== Extracted data ==
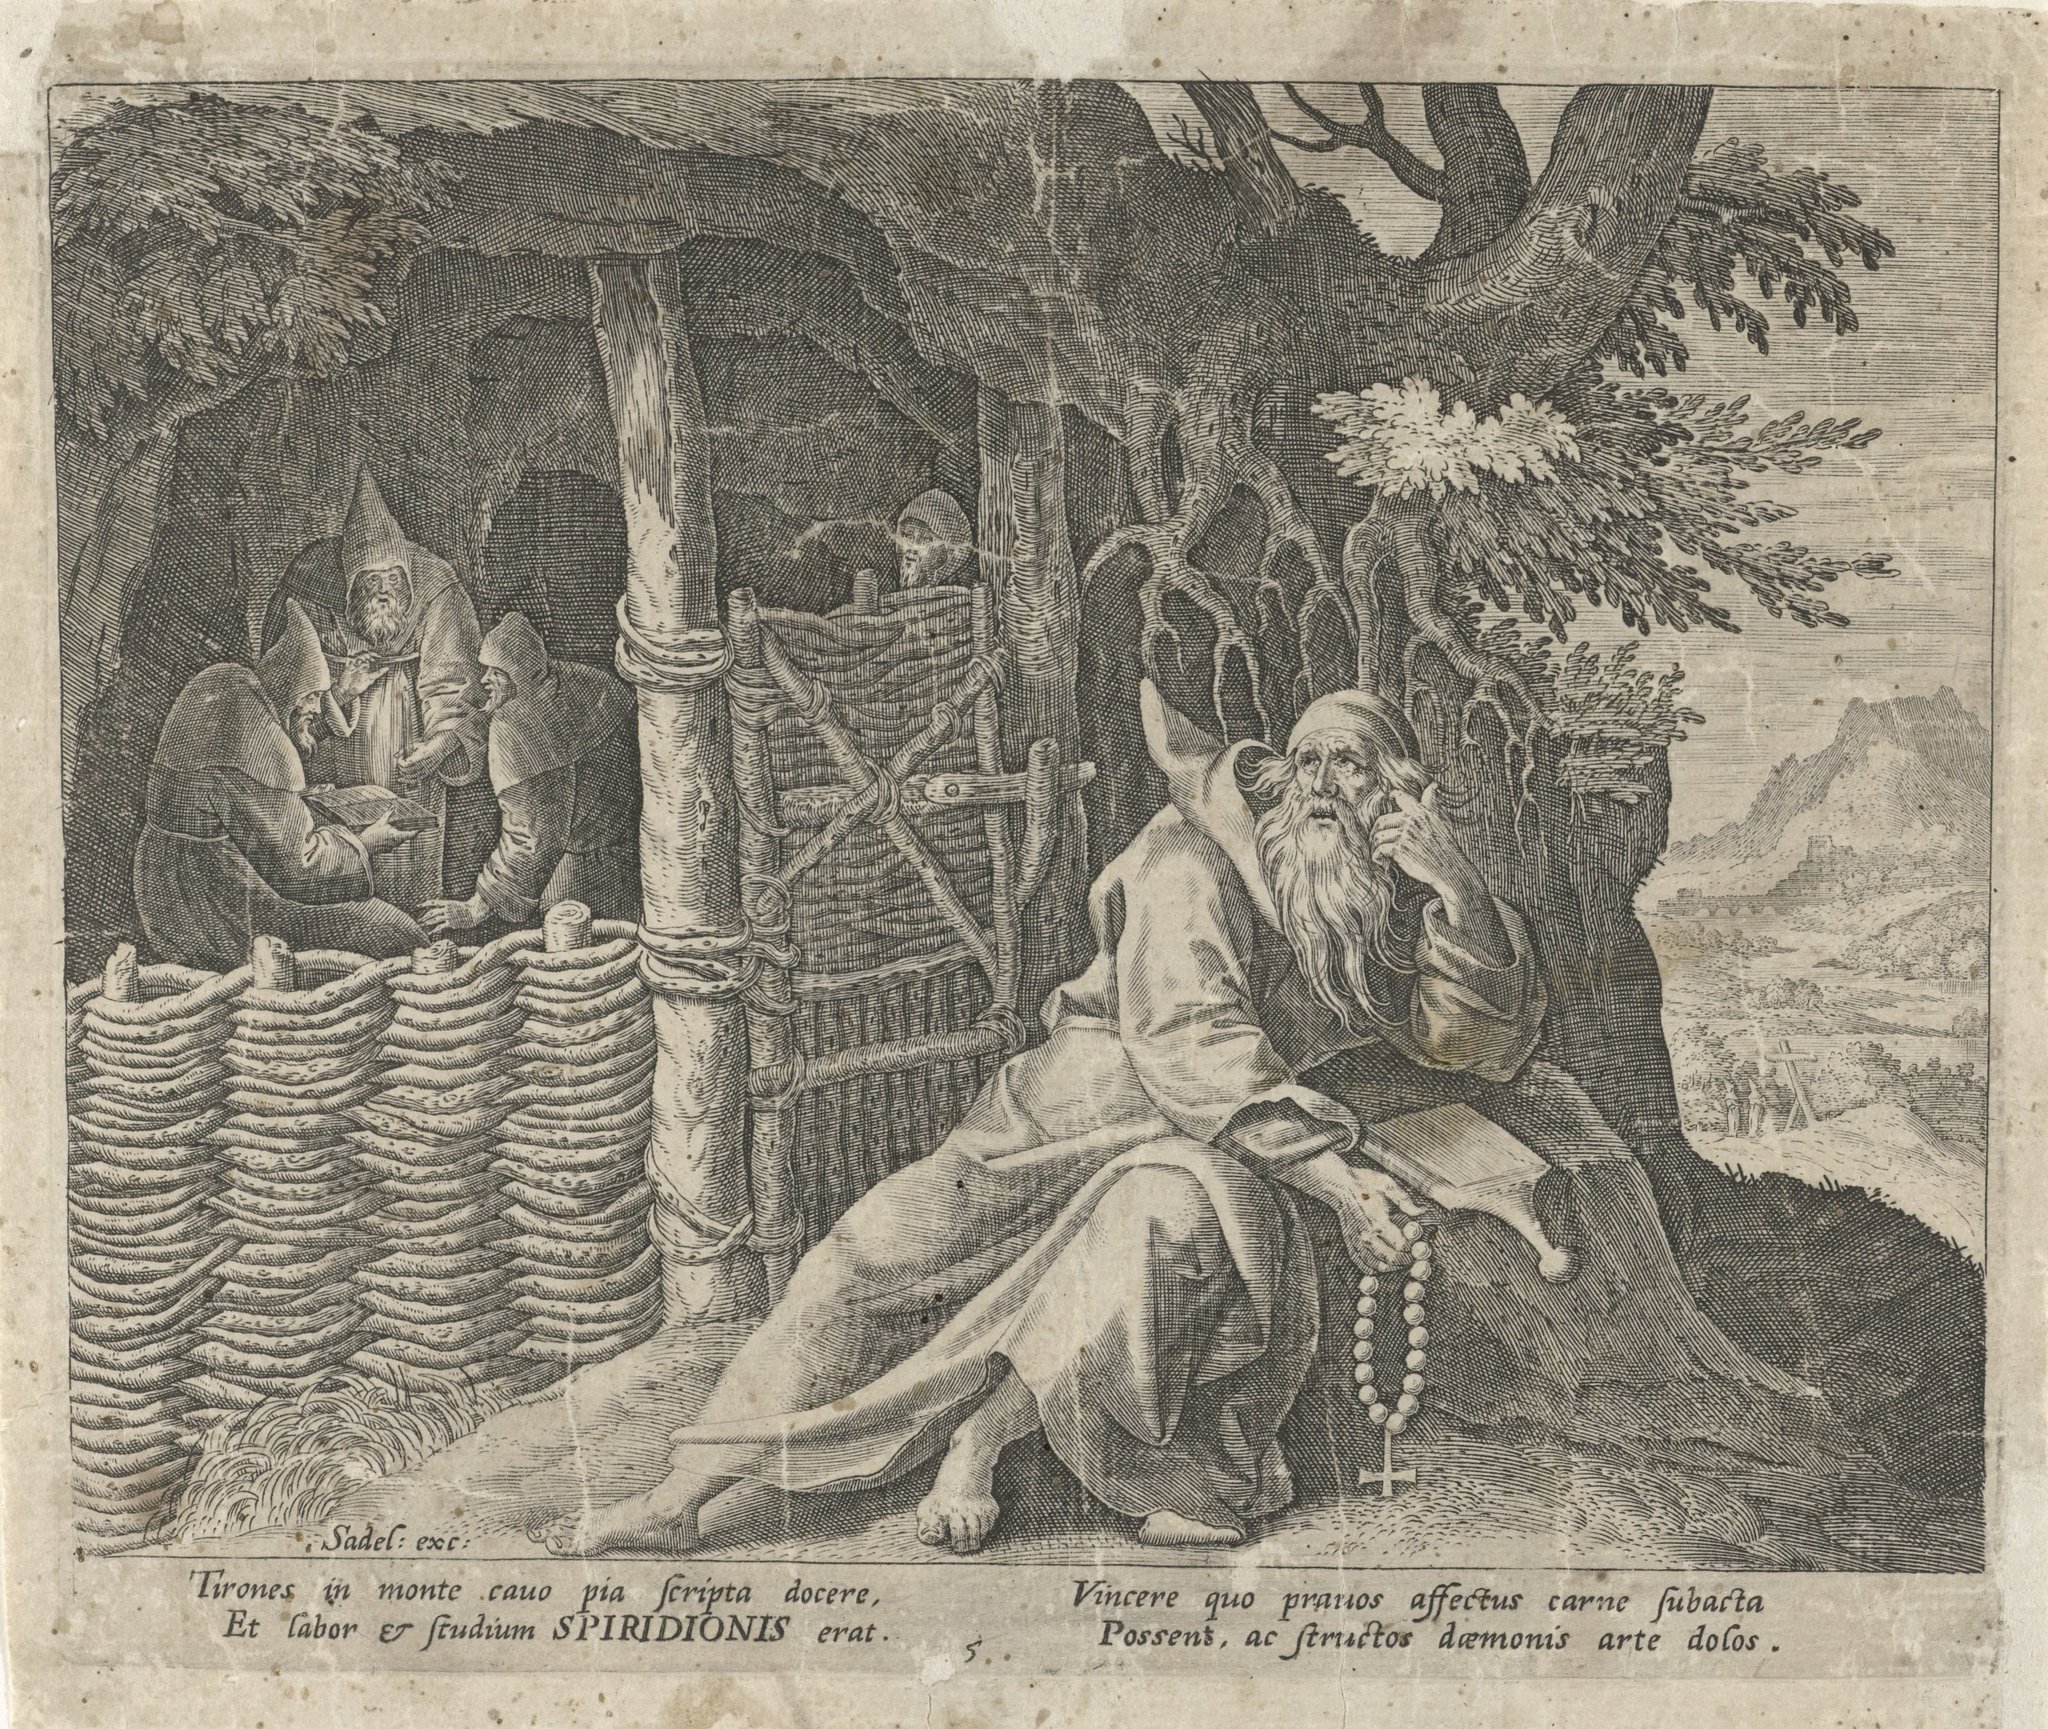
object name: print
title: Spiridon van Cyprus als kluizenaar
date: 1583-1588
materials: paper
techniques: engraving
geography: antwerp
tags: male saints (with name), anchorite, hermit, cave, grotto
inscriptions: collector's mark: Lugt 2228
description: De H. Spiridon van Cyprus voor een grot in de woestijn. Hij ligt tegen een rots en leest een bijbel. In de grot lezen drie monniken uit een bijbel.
===
== Extracted data ==
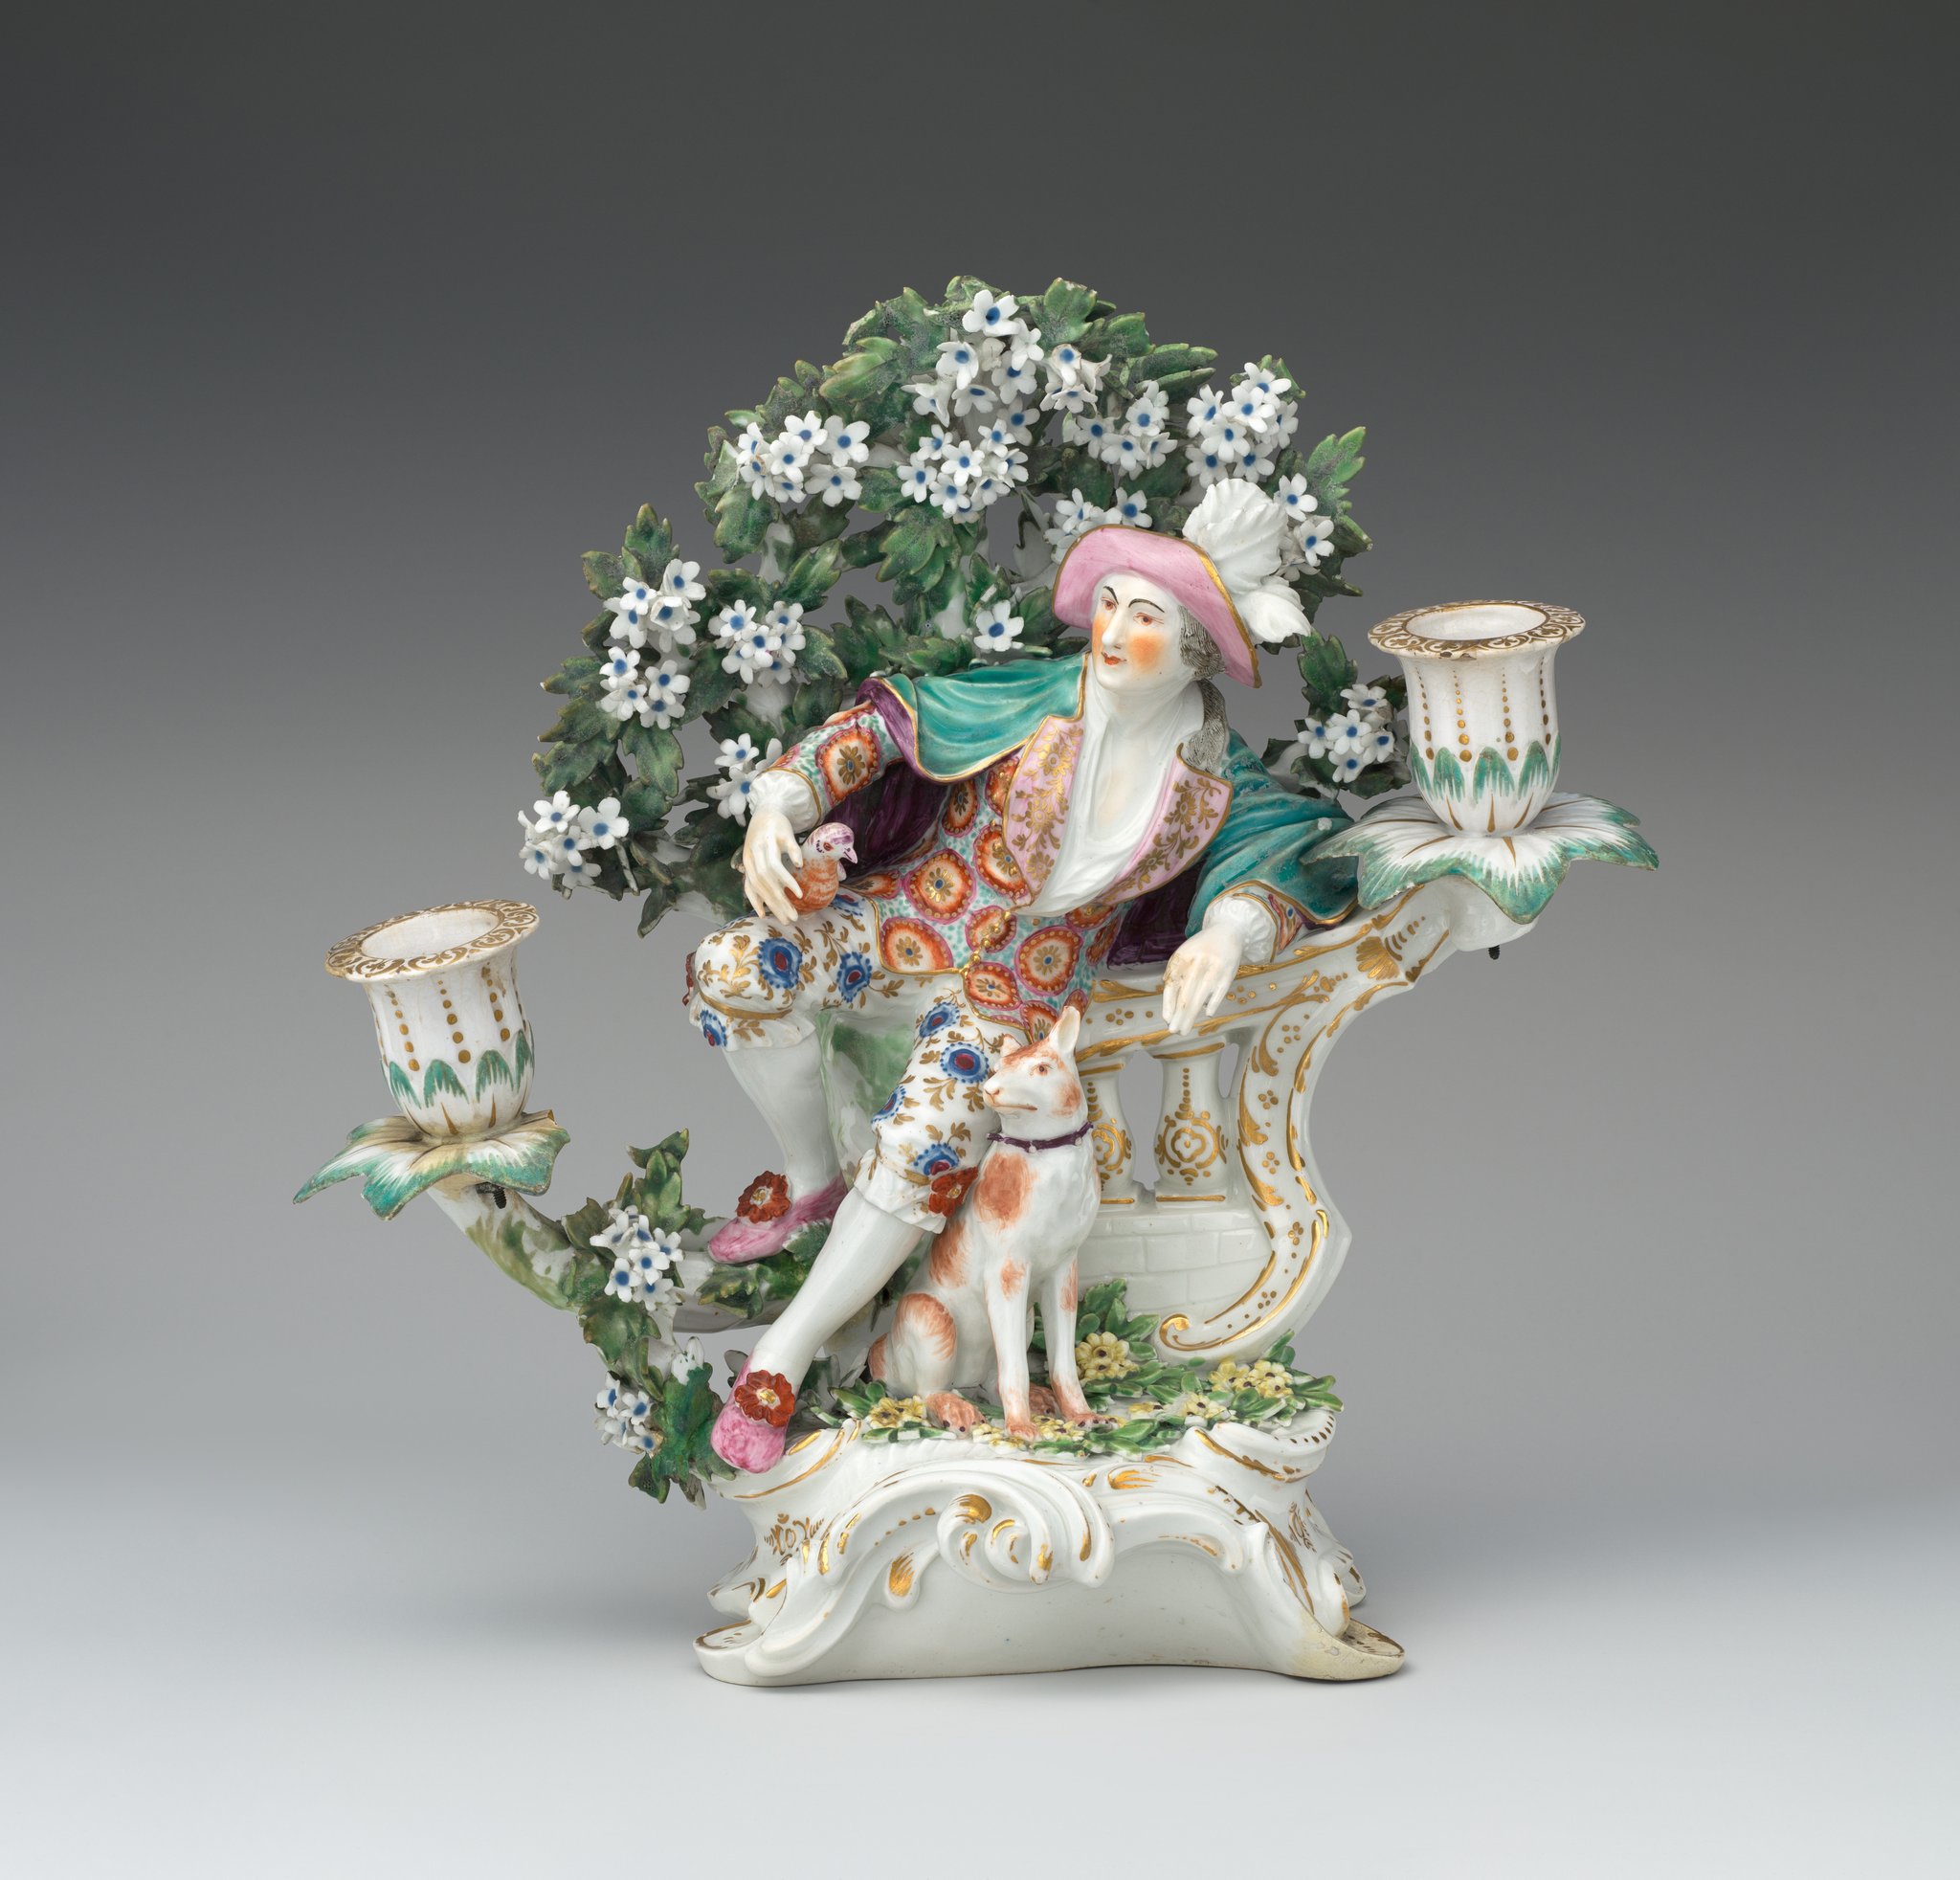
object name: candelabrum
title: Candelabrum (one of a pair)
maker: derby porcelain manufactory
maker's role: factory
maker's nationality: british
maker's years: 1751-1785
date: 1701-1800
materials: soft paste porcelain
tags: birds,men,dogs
===
- Problem description -
Above are the records; copy exactly the lines from the line with "object name: candelabrum" through the line with "tags: birds,men,dogs", both included.

- Answer space -
object name: candelabrum
title: Candelabrum (one of a pair)
maker: derby porcelain manufactory
maker's role: factory
maker's nationality: british
maker's years: 1751-1785
date: 1701-1800
materials: soft paste porcelain
tags: birds,men,dogs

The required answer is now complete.